The most essential list of resources for Front-End beginners - daviddiasfront
https://github.com/thedaviddias/Resources-Front-End-Beginner
======
sillysaurus3
Equally important is a good webdev IDE. I say this as a hardcore vim/emacs
user.

Try webstorm:

    
    
       brew cask install webstorm
    

Then run `webstorm foo/` to open the webapp located in folder foo. It works
with basically every type of webapp in existence.

It'll look like this:
[https://i.imgur.com/z2euynI.png](https://i.imgur.com/z2euynI.png)

Now tap the shift key twice. It'll pop up omni completion. You can type any
partial filename, any partial symbol name, etc, and it will take you to it.

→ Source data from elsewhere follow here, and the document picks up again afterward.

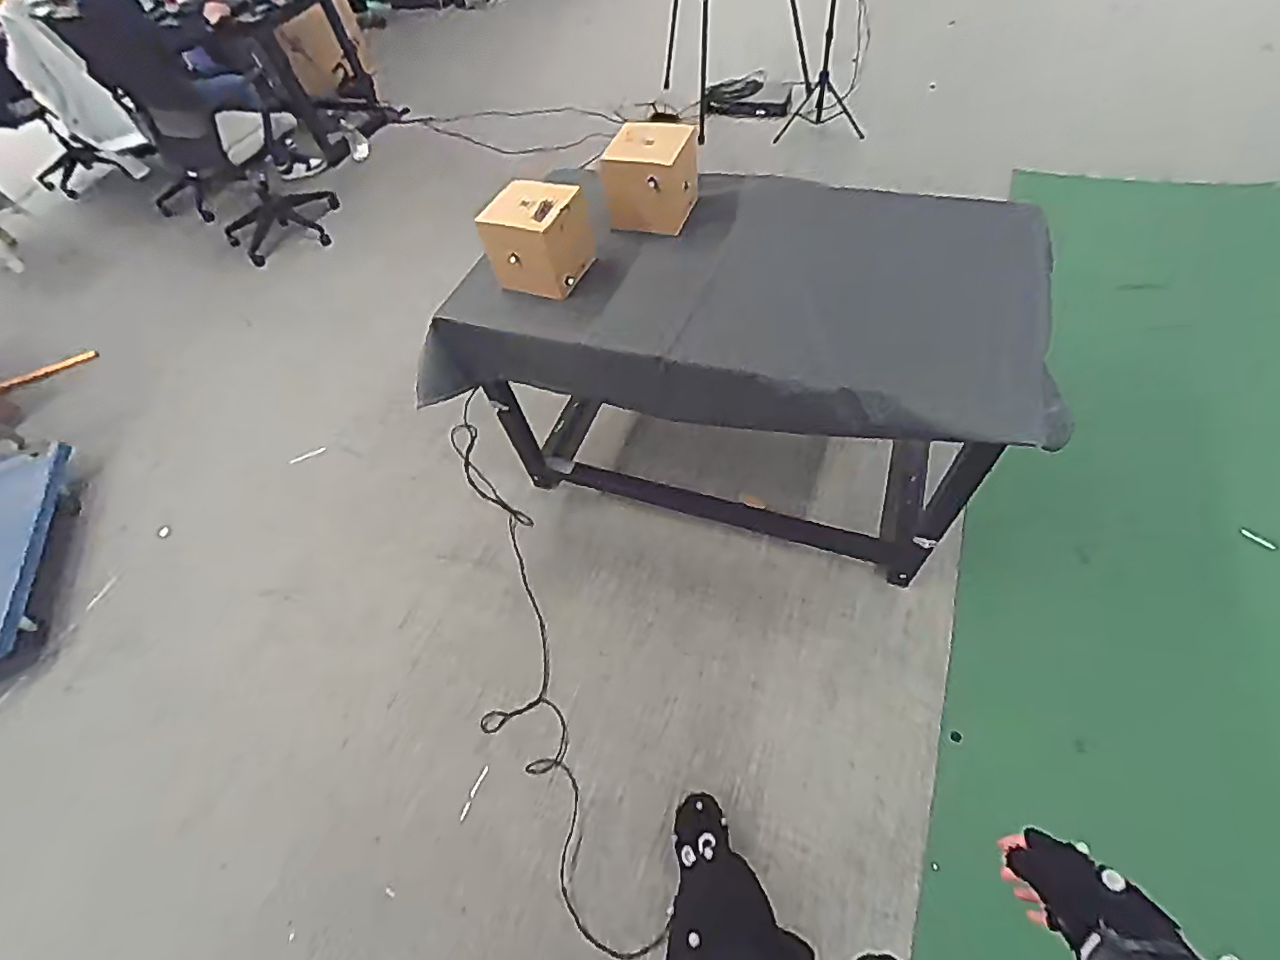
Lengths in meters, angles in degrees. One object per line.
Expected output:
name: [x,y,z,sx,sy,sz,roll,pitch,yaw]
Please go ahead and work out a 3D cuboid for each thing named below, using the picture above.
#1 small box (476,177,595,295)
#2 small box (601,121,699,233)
small box: [-0.219,-0.532,1.190,0.179,0.176,0.168,18,61,19]
small box: [0.033,-0.704,1.264,0.179,0.176,0.168,15,61,18]
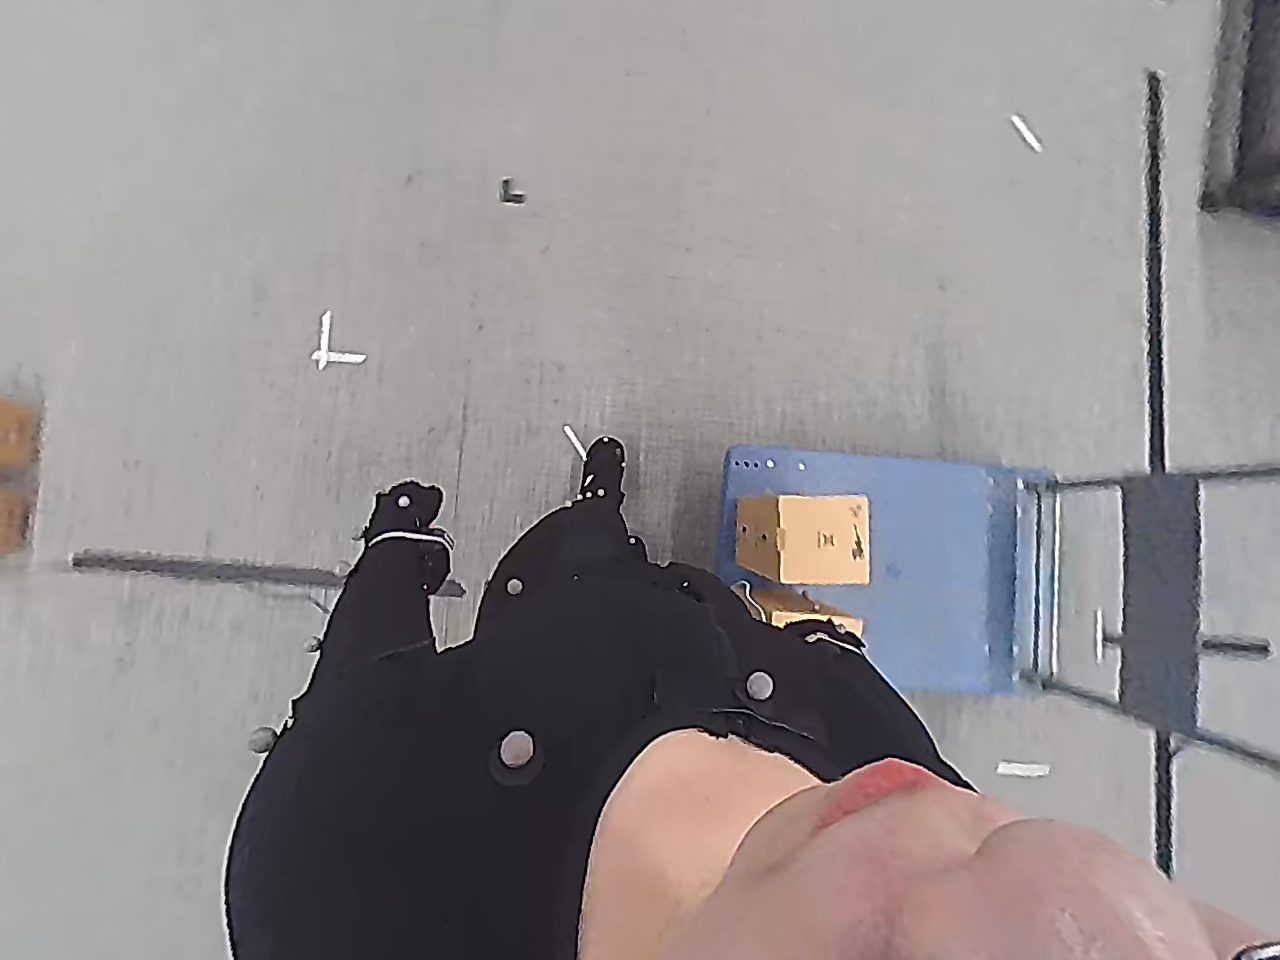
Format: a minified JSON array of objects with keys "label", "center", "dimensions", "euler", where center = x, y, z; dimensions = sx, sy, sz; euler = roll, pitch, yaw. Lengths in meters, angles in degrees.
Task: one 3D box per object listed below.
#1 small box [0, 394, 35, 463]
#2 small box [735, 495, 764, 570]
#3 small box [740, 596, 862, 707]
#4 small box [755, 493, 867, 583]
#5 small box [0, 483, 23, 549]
[{"label":"small box","center":[-1.668,-0.128,1.328],"dimensions":[0.179,0.176,0.168],"euler":[-4,87,-5]},{"label":"small box","center":[0.326,0.125,1.259],"dimensions":[0.179,0.176,0.168],"euler":[4,87,-4]},{"label":"small box","center":[0.314,0.333,1.079],"dimensions":[0.179,0.176,0.168],"euler":[7,87,-3]},{"label":"small box","center":[0.337,0.114,1.094],"dimensions":[0.179,0.176,0.168],"euler":[2,87,-3]},{"label":"small box","center":[-1.677,0.088,1.314],"dimensions":[0.179,0.176,0.168],"euler":[0,86,-3]}]

Note the ten thousand quality of life improvements. Example: when looking at a
CSS file, #ff0000 will render with a red background color. (The background
color of the text is literally the color that the text represents.) And
clicking on it brings up a color swath.

Changes appear on your website as quickly as you can type. When you're editing
solely HTML and CSS, there's no such thing as a refresh. No need. You just
type.

Here's an Angular 2 project ([https://github.com/preboot/angular-
webpack](https://github.com/preboot/angular-webpack)):

[https://i.imgur.com/vb4uDMw.png](https://i.imgur.com/vb4uDMw.png)

It's a bit hard to tell, but webstorm has deep awareness of what your code
represents. Notice the tags like "description", "moduleDef", "assertion", etc.
Those are hints about what each function expects.

Want to see documentation? Hover your mouse over any symbol. For example,
hovering over "it" gives:

[https://i.imgur.com/4Xv4BMb.png](https://i.imgur.com/4Xv4BMb.png)

I could go on for days. You may have heard of the Brackets IDE, but in my
opinion webstorm completely wipes the floor with them. Live Edit (hot reload)
is far better... Actually, rather than list out ten things, I'll just say
"everything is far better."

Not everything I've demoed here is turned on by default. You should expect to
put a day or two of work into configuring your editor. But once you do, you'll
be a monster of productivity.

Have I mentioned that Webstorm has a Vim plugin? Preferences -> Plugins,
"vim", search, install, done.

------
michaelwu
Interesting that there is no mention of eslint. I've always found that the
best way to learn a new language is to immediately install the linter and its
associated plugin for whatever IDE you're using for instant feedback about
potential anti-patterns / dangerous code while you work. Also curious that
there's no mention of typescript: a lot of companies have already made the
transition because it makes huge projects much easier to manage and read.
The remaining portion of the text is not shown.